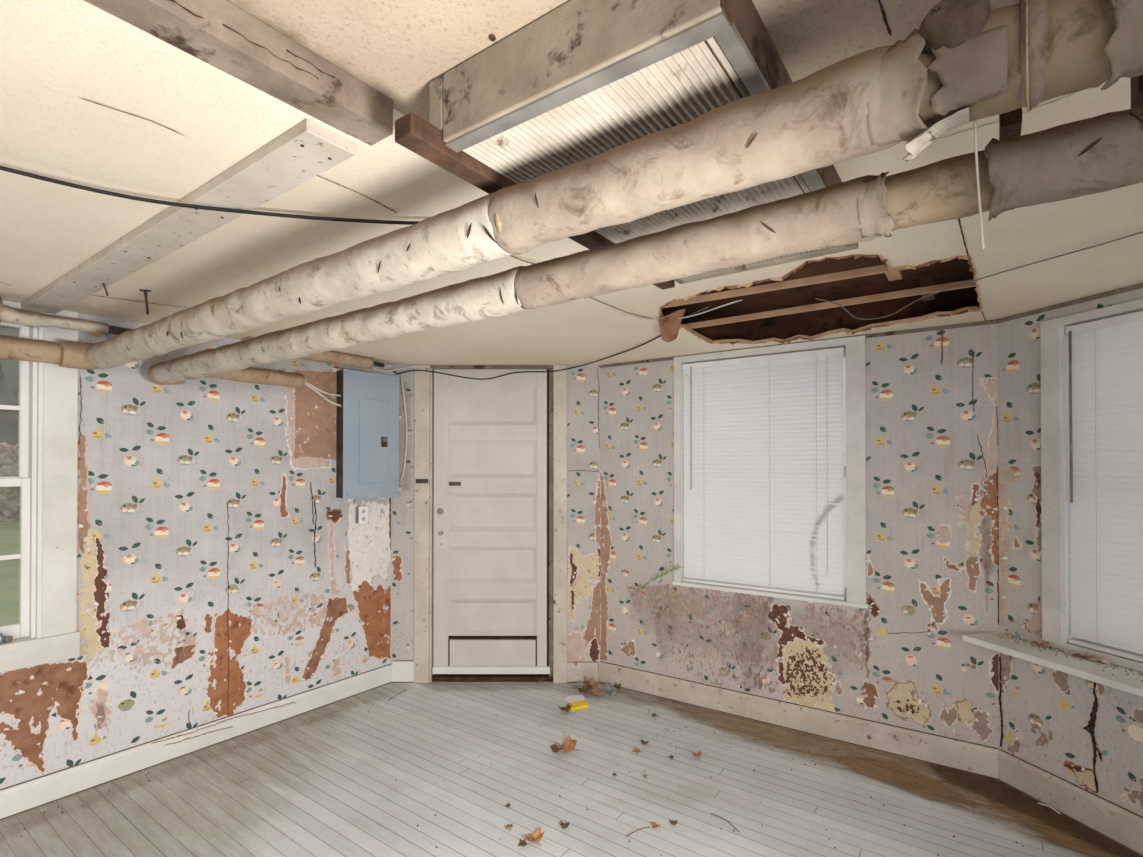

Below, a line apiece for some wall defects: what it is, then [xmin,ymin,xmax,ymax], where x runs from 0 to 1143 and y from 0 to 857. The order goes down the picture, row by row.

crack [878,0,892,36]
spalling [658,254,983,345]
spalling [326,509,343,523]
peeling [569,552,578,610]
peeling [86,601,138,663]
flaking render [768,603,853,698]
flaking render [893,699,928,715]
crack [997,656,1005,747]
crack [1083,682,1102,792]
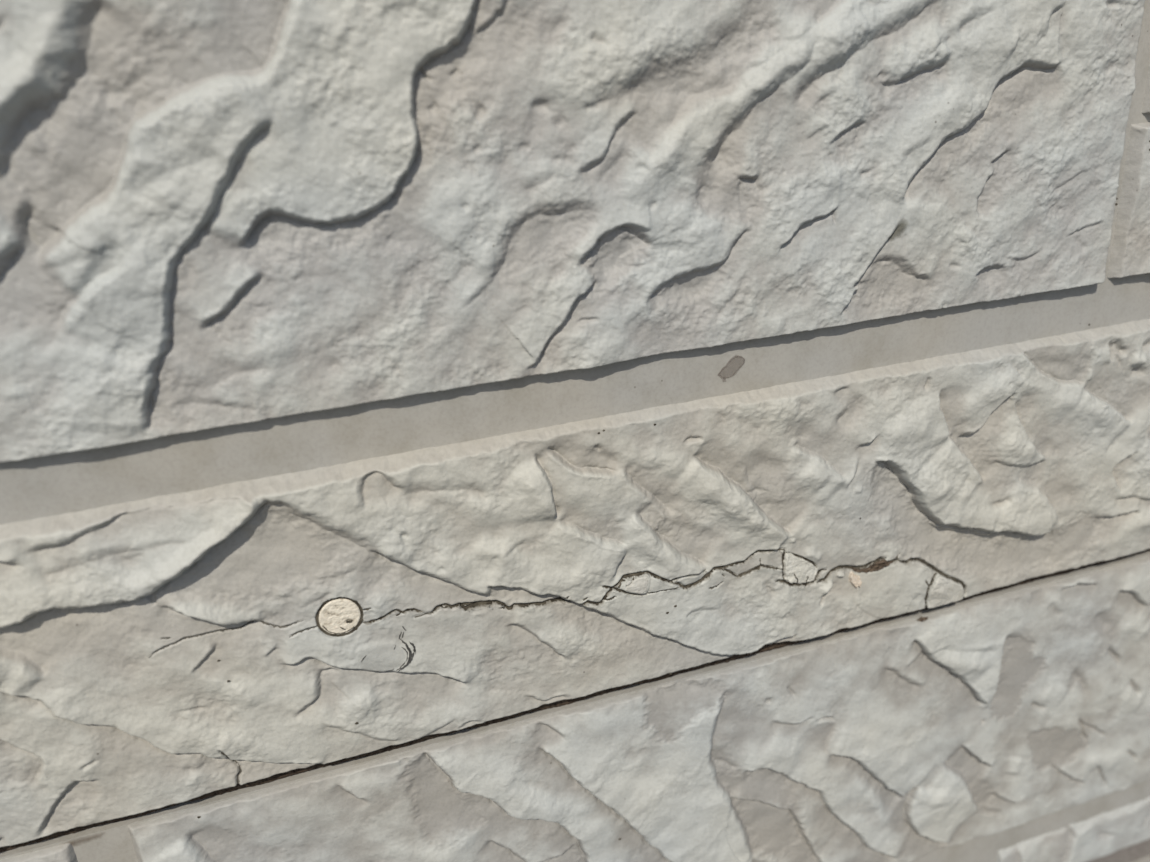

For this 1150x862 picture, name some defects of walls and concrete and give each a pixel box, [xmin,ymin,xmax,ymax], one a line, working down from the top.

crack [364,549,965,624]
crack [148,620,315,658]
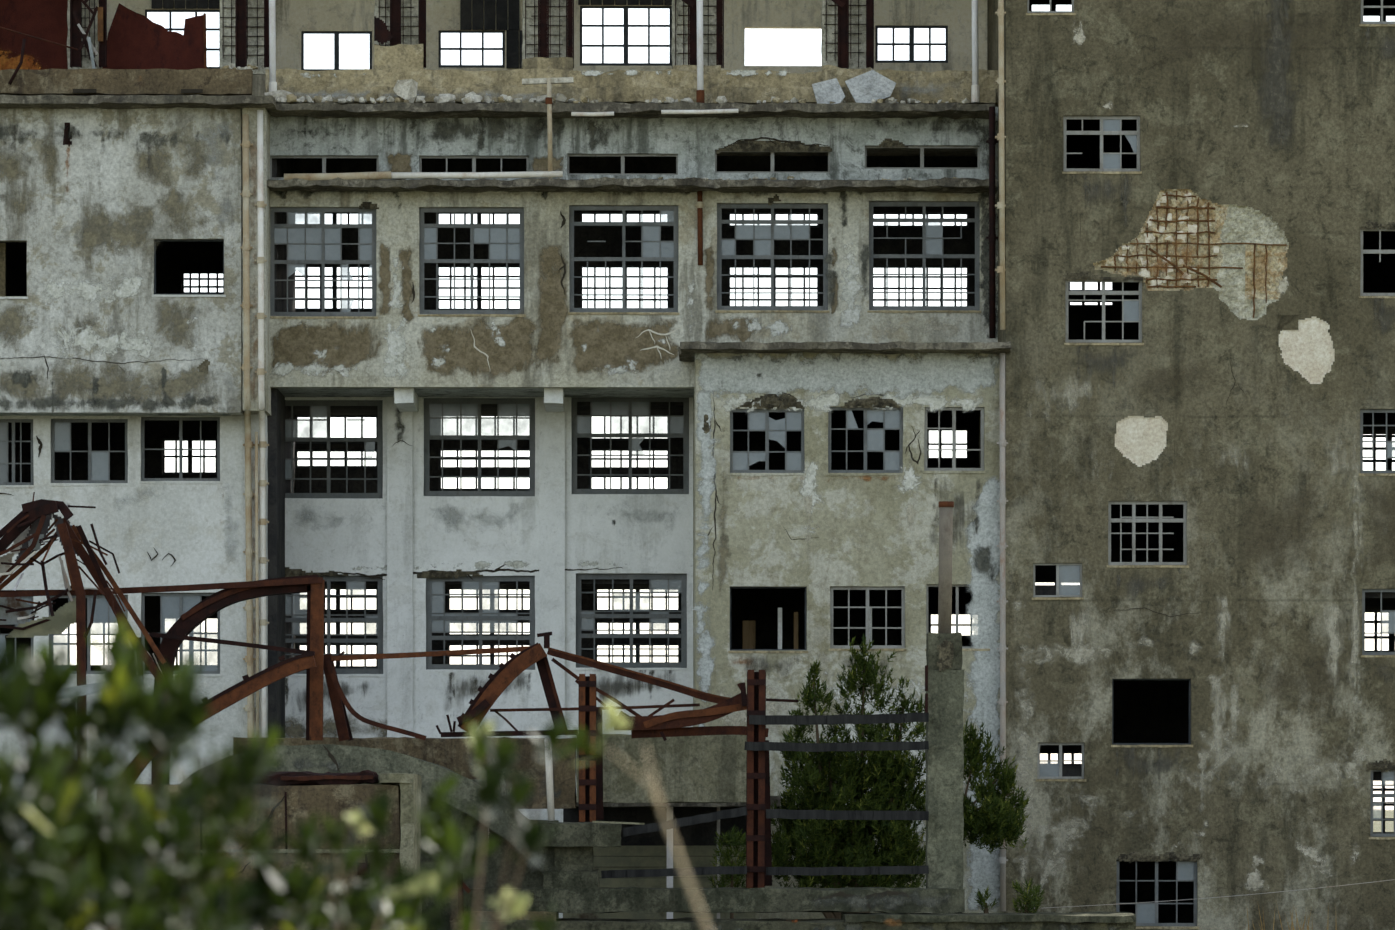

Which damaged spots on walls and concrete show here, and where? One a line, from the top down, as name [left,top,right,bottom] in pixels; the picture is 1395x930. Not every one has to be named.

corrosion [0,50,41,70]
damp [62,127,178,166]
spalling [1093,189,1289,320]
peeling [272,243,793,379]
crack [0,356,207,379]
damp [0,367,214,412]
crack [636,327,682,356]
peeling [1279,317,1335,384]
peeling [1115,416,1168,467]
damp [1187,677,1239,789]
damp [1014,732,1094,884]
damp [1246,856,1269,891]
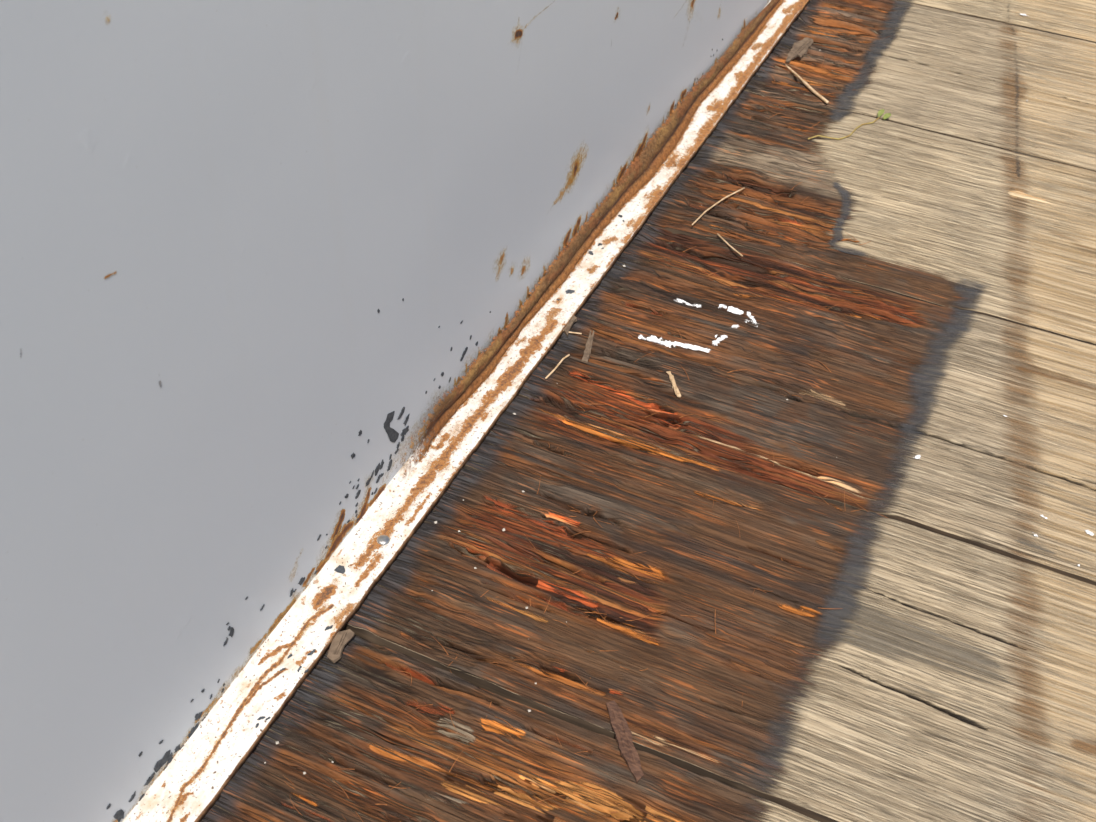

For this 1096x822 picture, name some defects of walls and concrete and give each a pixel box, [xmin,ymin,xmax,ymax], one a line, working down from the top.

leakage [831,0,910,120]
rust [354,0,808,587]
leakage [830,182,865,255]
leakage [902,283,983,449]
leakage [1002,0,1096,554]
peeling [339,407,410,523]
rust [183,479,386,742]
leakage [819,516,1010,683]
leakage [1014,571,1096,760]
peeling [107,679,225,822]
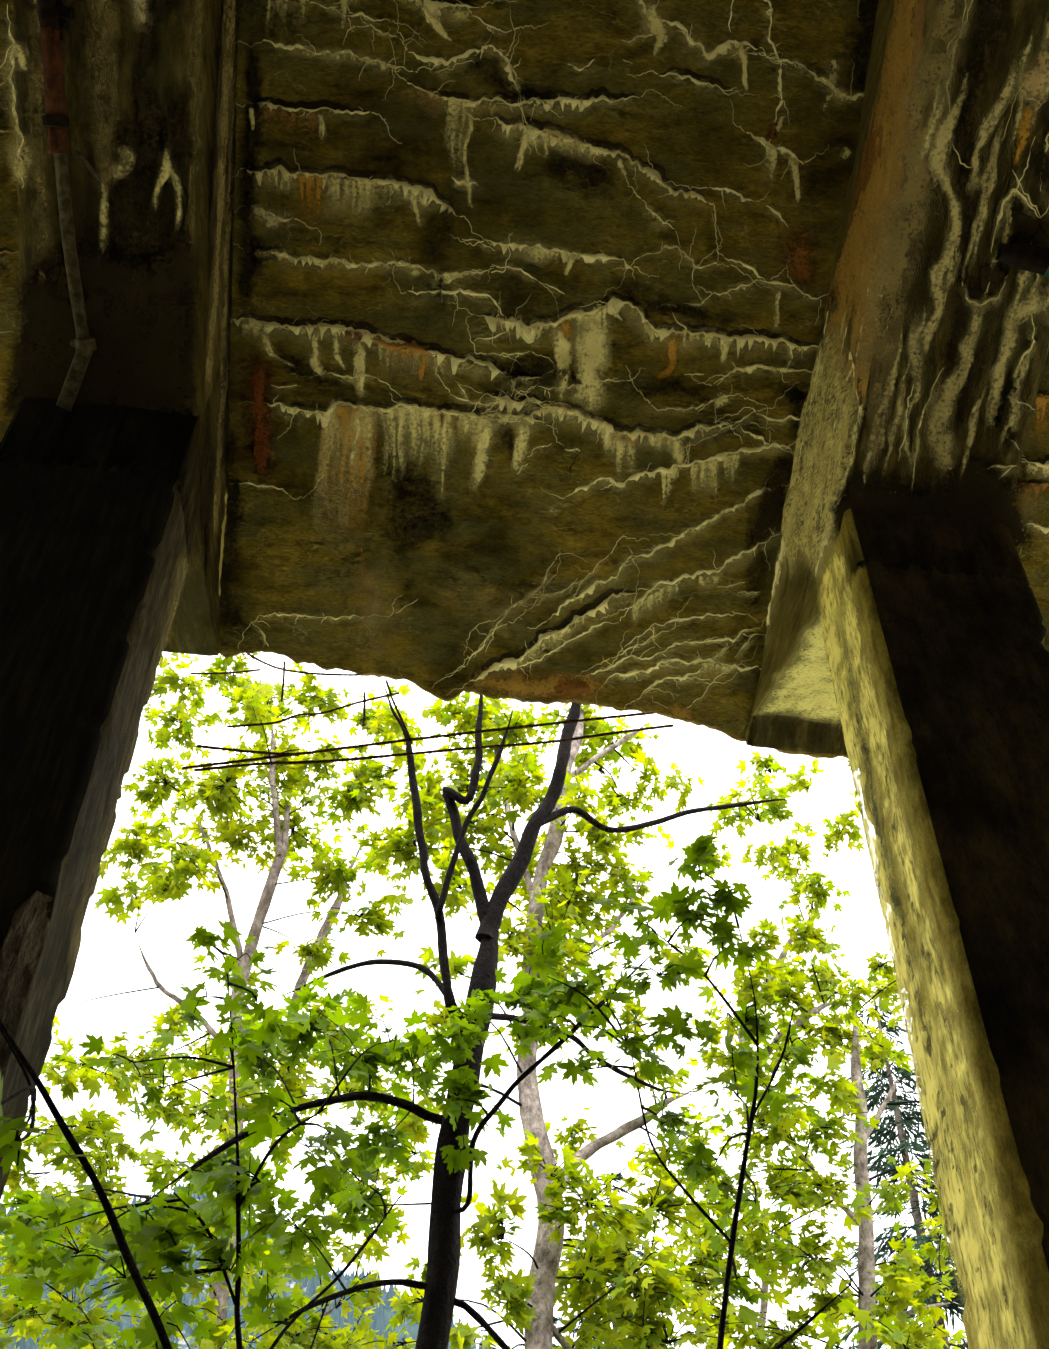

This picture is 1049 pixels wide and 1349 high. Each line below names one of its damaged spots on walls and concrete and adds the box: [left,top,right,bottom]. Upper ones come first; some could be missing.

water stain [471,55,555,107]
water stain [620,285,730,323]
water stain [280,351,336,386]
water stain [505,359,582,388]
crack [230,0,864,725]
water stain [499,423,524,463]
water stain [746,0,1049,1349]
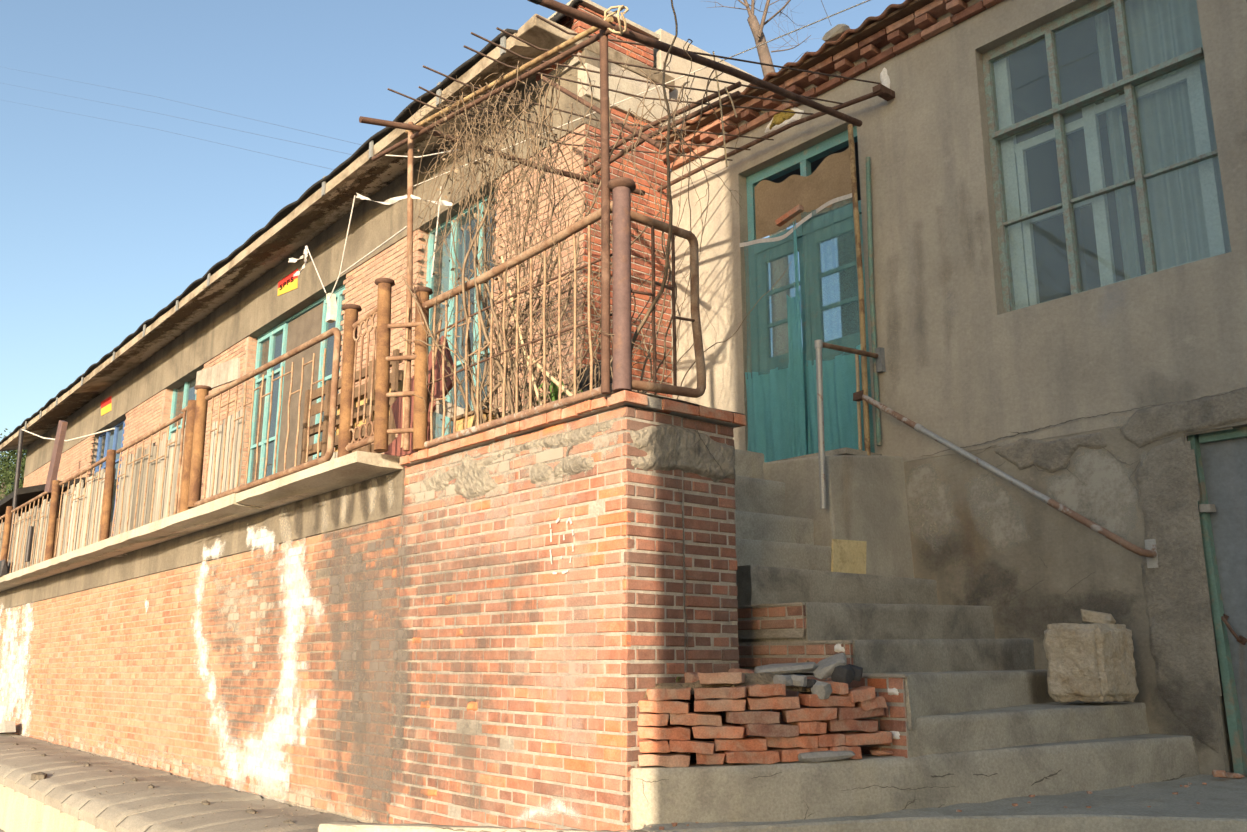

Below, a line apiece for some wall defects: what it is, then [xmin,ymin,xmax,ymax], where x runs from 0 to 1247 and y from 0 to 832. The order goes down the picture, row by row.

+ + +

Pictures aside, reproduce the listing above exactly.

Below, a line apiece for some wall defects: what it is, then [xmin,ymin,xmax,ymax], where x runs from 0 to 1143 and y from 0 to 857. The order goes down the picture, row by row.

crack [878,0,892,36]
spalling [658,254,983,345]
spalling [326,509,343,523]
peeling [569,552,578,610]
peeling [86,601,138,663]
flaking render [768,603,853,698]
flaking render [893,699,928,715]
crack [997,656,1005,747]
crack [1083,682,1102,792]

For this 1150x862 picture, name some defects of walls and concrete and give each a pixel box, [xmin,ymin,xmax,ymax], one a line, working down from the top.

crack [364,549,965,624]
crack [148,620,315,658]

Which damaged spots on walls and concrete show here, and where? One a line, from the top down, as name [left,top,right,bottom] in pixels; the picture is 1395x930. Not every one has to be named.

corrosion [0,50,41,70]
damp [62,127,178,166]
spalling [1093,189,1289,320]
peeling [272,243,793,379]
crack [0,356,207,379]
damp [0,367,214,412]
crack [636,327,682,356]
peeling [1279,317,1335,384]
peeling [1115,416,1168,467]
damp [1187,677,1239,789]
damp [1014,732,1094,884]
damp [1246,856,1269,891]

For this 1096x822 picture, name some defects of walls and concrete and give each a pixel box, [xmin,ymin,xmax,ymax], one a line, working down from the top.

leakage [831,0,910,120]
rust [354,0,808,587]
leakage [830,182,865,255]
leakage [902,283,983,449]
leakage [1002,0,1096,554]
peeling [339,407,410,523]
rust [183,479,386,742]
leakage [819,516,1010,683]
leakage [1014,571,1096,760]
peeling [107,679,225,822]

This picture is 1049 pixels wide and 1349 high. Each line below names one of its damaged spots on walls and concrete and adds the box: [left,top,right,bottom]. Upper ones come first; some could be missing.

water stain [471,55,555,107]
water stain [620,285,730,323]
water stain [280,351,336,386]
water stain [505,359,582,388]
crack [230,0,864,725]
water stain [499,423,524,463]
water stain [746,0,1049,1349]

Below, a line apiece for some wall defects: what it is, then [xmin,ymin,xmax,ymax], where x runs from 0 to 1247 and y from 0 to 832. The order goes down the picture, row by row.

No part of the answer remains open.